Copy out each line containing "percussion" from the entries below.
Start of Records for processing
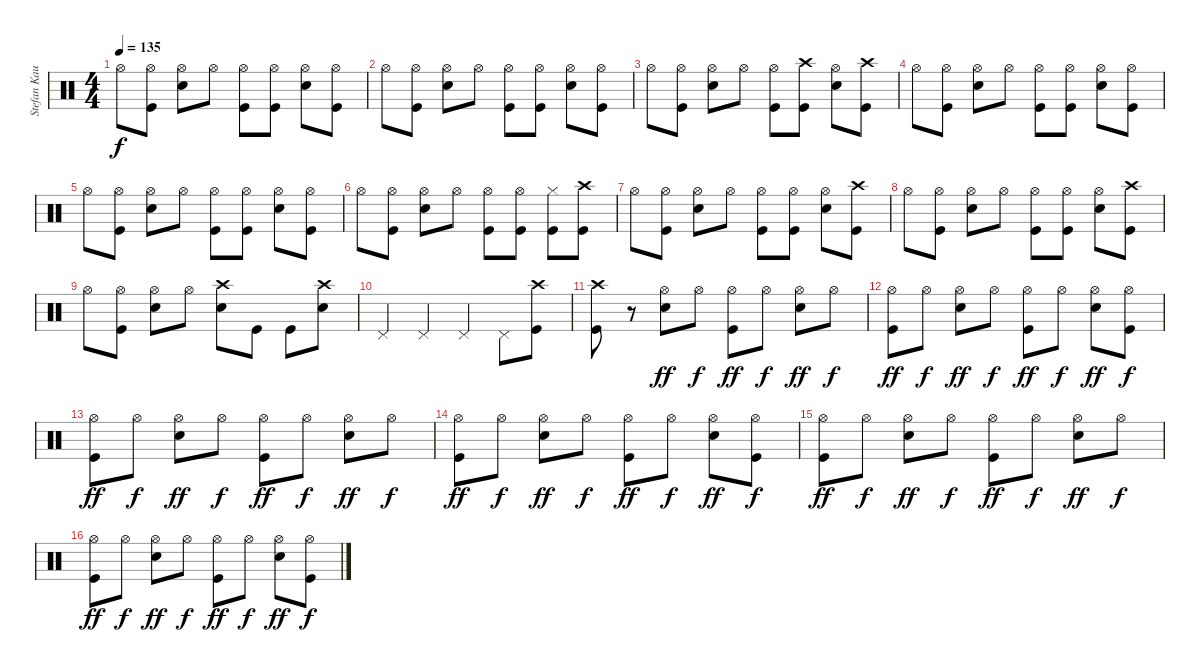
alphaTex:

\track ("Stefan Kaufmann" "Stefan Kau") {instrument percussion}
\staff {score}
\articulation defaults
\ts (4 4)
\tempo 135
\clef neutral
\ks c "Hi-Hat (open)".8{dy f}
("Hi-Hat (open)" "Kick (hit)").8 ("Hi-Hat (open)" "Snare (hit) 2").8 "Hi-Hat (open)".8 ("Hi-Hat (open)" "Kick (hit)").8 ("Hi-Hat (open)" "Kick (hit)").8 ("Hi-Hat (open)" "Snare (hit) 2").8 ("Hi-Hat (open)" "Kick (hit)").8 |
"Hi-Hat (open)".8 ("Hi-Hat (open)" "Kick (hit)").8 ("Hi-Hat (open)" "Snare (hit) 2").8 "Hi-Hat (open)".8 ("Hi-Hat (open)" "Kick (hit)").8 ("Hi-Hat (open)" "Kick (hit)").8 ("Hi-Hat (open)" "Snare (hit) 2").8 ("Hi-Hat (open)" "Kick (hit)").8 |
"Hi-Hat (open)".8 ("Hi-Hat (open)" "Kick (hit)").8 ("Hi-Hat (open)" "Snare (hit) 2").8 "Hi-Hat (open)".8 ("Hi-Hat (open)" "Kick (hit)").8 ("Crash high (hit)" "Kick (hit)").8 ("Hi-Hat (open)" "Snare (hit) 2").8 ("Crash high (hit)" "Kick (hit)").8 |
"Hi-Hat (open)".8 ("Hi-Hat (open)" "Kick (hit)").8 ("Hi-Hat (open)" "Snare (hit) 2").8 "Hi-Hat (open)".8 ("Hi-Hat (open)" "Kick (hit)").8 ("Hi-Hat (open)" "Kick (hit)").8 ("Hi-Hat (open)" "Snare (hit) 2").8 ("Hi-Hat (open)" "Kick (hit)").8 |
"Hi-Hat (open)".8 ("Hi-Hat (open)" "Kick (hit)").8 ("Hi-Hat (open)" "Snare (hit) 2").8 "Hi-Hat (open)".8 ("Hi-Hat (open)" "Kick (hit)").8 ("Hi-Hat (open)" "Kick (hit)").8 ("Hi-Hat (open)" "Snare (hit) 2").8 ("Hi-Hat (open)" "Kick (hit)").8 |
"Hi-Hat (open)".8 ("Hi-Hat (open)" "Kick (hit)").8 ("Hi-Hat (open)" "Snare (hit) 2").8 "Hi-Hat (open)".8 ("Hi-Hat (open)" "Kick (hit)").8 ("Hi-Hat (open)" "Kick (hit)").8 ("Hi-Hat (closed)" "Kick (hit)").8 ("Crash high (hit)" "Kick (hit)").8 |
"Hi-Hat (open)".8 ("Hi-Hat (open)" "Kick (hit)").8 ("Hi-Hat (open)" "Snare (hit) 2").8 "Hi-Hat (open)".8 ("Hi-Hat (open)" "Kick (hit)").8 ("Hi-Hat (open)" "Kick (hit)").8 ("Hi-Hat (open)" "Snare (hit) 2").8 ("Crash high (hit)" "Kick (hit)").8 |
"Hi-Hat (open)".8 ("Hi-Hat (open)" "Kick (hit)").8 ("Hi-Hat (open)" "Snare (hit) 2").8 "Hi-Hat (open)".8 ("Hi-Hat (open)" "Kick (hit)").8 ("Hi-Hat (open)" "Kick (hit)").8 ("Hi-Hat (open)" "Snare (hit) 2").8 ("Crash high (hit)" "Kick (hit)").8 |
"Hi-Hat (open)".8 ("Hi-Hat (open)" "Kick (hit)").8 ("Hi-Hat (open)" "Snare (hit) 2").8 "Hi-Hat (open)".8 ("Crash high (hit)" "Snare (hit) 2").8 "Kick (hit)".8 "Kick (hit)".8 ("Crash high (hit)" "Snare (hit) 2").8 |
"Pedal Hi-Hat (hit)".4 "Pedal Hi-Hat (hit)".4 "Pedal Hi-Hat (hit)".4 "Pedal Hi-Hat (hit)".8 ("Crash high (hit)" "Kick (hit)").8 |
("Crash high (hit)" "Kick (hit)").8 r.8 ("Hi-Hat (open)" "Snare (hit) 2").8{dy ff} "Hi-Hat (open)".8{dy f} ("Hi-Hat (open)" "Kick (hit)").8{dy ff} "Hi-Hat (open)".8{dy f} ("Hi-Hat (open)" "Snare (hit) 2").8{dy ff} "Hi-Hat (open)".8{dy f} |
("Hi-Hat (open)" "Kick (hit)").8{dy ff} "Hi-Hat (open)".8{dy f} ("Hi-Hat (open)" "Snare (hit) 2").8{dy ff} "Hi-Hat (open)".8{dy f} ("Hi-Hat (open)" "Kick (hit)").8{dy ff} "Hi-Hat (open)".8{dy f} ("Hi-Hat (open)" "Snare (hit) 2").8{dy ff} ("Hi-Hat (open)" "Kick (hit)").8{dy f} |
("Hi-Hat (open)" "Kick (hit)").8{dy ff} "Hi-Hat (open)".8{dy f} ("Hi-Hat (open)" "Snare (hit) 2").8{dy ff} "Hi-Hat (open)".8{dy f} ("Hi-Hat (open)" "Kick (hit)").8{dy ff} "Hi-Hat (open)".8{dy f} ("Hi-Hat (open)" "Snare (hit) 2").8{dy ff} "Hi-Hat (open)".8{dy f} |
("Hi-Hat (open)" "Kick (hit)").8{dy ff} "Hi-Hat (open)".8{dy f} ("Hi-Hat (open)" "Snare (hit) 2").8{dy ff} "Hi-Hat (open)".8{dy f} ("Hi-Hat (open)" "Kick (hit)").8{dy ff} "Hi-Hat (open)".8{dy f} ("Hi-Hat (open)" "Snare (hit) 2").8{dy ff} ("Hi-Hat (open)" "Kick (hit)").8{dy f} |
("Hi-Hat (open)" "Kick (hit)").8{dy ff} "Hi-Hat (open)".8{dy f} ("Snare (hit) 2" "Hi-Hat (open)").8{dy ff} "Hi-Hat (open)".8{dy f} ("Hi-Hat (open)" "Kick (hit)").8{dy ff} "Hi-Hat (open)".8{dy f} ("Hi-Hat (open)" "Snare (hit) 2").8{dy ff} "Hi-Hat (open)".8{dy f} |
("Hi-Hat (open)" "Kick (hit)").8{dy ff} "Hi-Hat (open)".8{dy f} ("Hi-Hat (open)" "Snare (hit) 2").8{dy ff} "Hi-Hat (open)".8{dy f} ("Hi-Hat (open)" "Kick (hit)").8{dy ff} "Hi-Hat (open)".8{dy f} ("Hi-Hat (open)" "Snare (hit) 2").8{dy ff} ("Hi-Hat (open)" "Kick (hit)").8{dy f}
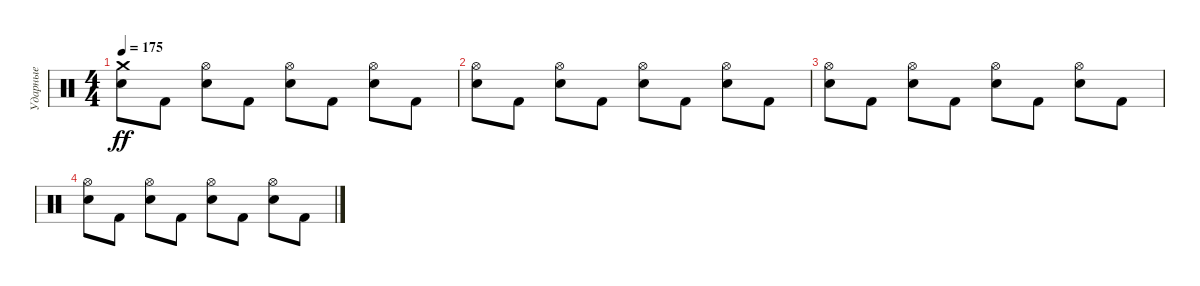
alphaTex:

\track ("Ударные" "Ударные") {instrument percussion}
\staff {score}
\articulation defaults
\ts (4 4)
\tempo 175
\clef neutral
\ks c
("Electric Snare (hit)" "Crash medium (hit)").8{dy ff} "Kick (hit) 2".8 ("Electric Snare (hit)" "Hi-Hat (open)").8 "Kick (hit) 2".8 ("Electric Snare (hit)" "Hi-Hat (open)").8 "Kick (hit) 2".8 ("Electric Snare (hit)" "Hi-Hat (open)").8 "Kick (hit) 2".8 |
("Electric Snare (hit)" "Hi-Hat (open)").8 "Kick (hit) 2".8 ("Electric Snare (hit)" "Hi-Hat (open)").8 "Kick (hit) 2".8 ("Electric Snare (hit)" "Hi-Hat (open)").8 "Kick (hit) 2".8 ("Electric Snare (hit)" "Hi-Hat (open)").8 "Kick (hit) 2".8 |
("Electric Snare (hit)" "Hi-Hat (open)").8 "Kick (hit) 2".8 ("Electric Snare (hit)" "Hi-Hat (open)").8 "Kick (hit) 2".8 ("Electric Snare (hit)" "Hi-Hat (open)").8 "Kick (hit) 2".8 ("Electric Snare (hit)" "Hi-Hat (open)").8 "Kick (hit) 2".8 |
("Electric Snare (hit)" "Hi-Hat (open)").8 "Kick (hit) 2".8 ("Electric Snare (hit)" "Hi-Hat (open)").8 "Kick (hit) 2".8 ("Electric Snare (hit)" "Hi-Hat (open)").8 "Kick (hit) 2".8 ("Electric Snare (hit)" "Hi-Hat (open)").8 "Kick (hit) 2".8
End of Records for processing
_Answer to the problem:_
\track ("Stefan Kaufmann" "Stefan Kau") {instrument percussion}
\track ("Ударные" "Ударные") {instrument percussion}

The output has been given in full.